== MATERIAL FOR THE TASK
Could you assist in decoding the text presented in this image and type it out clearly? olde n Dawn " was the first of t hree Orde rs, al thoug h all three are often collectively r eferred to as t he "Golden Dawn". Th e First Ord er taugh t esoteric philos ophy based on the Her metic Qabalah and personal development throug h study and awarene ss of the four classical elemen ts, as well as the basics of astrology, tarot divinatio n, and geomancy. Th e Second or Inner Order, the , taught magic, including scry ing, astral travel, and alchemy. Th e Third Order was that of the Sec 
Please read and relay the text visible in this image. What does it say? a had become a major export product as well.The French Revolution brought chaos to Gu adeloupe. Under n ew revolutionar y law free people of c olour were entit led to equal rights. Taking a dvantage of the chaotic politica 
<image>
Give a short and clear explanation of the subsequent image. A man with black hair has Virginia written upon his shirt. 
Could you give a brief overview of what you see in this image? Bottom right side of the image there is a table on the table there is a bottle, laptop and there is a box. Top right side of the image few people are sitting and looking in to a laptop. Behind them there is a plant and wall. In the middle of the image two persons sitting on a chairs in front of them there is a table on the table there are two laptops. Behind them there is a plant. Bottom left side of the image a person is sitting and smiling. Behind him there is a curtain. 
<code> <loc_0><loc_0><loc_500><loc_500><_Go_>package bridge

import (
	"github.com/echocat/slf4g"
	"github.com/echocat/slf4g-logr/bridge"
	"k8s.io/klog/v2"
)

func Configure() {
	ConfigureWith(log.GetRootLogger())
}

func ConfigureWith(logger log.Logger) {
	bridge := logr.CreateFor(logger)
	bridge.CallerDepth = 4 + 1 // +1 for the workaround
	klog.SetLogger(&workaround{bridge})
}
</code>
====
## EXERCISE REQUIREMENTS
Restate word for word the lines running from the line that holds "Could you give" to the final line of the entries.

## SOLUTION FOR THIS EXERCISE
Could you give a brief overview of what you see in this image? Bottom right side of the image there is a table on the table there is a bottle, laptop and there is a box. Top right side of the image few people are sitting and looking in to a laptop. Behind them there is a plant and wall. In the middle of the image two persons sitting on a chairs in front of them there is a table on the table there are two laptops. Behind them there is a plant. Bottom left side of the image a person is sitting and smiling. Behind him there is a curtain. 
<code> <loc_0><loc_0><loc_500><loc_500><_Go_>package bridge

import (
	"github.com/echocat/slf4g"
	"github.com/echocat/slf4g-logr/bridge"
	"k8s.io/klog/v2"
)

func Configure() {
	ConfigureWith(log.GetRootLogger())
}

func ConfigureWith(logger log.Logger) {
	bridge := logr.CreateFor(logger)
	bridge.CallerDepth = 4 + 1 // +1 for the workaround
	klog.SetLogger(&workaround{bridge})
}
</code>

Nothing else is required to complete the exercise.